This study has several limitations that should be acknowledged. While the synthetic dataset reflects the statistical patterns of the original data, it inherently carries limitations, particularly in terms of generalizability. As shown in Figure 1, synthetic data may not fully capture the complex variability inherent in real clinical data, and their accuracy is dependent on the training data and the performance of the GAN model. Therefore, uncertainties may arise regarding the exact replication of clinical realities, which could impact the robustness of the model’s predictions when applied to real-world cases. Also, although SMOTE was applied exclusively to XGBoost based on its overall superior performance metrics, the findings cannot be generalized to the performance of other models.
Despite these limitations, this study demonstrates the feasibility of developing a predictive model based on the 180-day threshold, which serves as a criterion for distinguishing between palliative and aggressive treatment. Even though the synthetic data generation process may weaken the correlations between variables compared to real data, complicating feature extraction, effective models are still capable of identifying important variables influencing survival duration. This suggests the potential for future validation with high-quality, balanced real clinical data to provide clearer and more definitive results.
Therefore, this study not only highlights the potential of using synthetic data for predictive modeling in the context of data access challenges in the medical field but also demonstrates the possibility of constructing relatively robust models, even in the face of data scarcity and limitations. The findings offer valuable insights for future research directions, especially in relation to the application of the 180-day threshold for treatment decision-making.

5. Conclusion

This study demonstrated that XGBoost can effectively predict the six-month survival of patients with mCRC and that SMOTE successfully addresses the data-imbalance issue. Additionally, we identified the key features influencing the predictions of the models, thereby facilitating informed decisions regarding treatment options and expected quality of life. However, further research is required to evaluate the models on actual clinical datasets and enhance modeling approaches to better handle data-imbalance issues, especially given the limited studies focusing specifically on short-term survival predictions like the six-month threshold, which remains underexplored despite its critical importance for timely palliative care and treatment optimization.

Author Contributions

Conceptualization, J.L. and E.K.; methodology, E.K.; software, J.L. and Y.K.; validation, Y.K. and E.K.; formal analysis, Y.C.; investigation, J.L. and Y.K.; resources, J.L.; data curation, E.K.; writing—original draft preparation, J.L. and Y.C.; writing—review and editing, Y.K. and E.K.; visualization, J.L. and Y.C.; supervision, E.K.; project administration, E.K.; funding acquisition, J.L. All authors have read and agreed to the published version of the manuscript.

Funding

This research was supported by the Basic Science Research Program through the National Research Foundation of Korea (NRF) funded by the Ministry of Education (RS-2023-00275579).

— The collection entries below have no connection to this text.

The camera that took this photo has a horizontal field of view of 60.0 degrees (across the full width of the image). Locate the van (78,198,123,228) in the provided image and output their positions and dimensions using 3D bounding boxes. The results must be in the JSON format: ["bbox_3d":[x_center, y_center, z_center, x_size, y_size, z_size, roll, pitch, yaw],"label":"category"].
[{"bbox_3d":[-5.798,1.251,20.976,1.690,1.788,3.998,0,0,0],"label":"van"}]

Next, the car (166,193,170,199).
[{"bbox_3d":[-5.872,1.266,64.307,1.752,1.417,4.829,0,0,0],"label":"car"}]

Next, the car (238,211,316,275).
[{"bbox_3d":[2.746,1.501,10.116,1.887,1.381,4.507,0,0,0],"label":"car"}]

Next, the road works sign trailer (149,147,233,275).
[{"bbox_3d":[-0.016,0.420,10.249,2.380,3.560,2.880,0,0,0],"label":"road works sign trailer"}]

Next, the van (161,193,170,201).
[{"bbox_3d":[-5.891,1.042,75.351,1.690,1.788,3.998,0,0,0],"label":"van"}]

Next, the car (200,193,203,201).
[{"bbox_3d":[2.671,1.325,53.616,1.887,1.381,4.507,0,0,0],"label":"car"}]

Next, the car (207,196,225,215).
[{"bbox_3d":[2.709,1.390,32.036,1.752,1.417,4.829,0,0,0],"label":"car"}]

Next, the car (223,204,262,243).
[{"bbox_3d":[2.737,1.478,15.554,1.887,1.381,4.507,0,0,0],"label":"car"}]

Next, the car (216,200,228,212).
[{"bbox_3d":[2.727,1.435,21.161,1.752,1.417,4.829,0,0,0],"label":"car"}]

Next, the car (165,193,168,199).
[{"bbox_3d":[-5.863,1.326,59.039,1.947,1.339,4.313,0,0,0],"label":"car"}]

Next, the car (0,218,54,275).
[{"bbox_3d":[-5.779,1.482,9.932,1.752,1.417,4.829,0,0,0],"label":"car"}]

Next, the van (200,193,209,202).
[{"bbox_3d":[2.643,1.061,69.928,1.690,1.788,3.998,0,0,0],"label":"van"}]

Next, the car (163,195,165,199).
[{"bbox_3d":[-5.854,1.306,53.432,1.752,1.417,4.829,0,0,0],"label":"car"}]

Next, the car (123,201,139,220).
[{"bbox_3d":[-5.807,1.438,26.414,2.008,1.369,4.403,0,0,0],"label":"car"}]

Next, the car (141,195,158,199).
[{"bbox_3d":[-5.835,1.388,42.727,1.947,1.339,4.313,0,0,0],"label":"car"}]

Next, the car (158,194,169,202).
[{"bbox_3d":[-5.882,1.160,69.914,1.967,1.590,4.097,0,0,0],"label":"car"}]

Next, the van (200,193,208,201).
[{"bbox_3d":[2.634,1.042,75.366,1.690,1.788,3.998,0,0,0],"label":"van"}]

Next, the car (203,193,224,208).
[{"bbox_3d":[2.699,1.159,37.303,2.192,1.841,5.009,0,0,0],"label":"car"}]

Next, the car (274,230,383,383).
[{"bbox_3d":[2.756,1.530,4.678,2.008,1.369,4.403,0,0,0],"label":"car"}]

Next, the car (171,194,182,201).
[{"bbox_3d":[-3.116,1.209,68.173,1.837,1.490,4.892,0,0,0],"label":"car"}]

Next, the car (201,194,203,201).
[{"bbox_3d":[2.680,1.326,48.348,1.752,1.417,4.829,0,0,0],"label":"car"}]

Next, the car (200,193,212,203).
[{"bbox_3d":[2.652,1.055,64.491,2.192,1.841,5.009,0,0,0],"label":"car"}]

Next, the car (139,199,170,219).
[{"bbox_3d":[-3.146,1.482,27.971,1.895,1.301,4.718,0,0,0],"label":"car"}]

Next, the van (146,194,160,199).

Data Availability Statement

The synthesized data are archived on the National Cancer Data Center portal and are available at the following URL: https://www.cancerdata.re.kr/main/publicData/publicDataList (accessed on 1 August 2024). The dataset utilized in this study is a publicly available resource provided by the National Cancer Center. After logging into the website, users can download the data upon agreeing to the terms regarding the intended use of the data, as well as the prohibition of unauthorized distribution of personal information and data.

Acknowledgments

This study used the Korea-Clinical Data Utilization Network for Research Excellence (K-CURE) cancer public library database, which was established by the National Cancer Data Center as part of the K-CURE project organized by the Ministry of Health and Welfare.

Conflicts of Interest

The authors declare no conflict of interest.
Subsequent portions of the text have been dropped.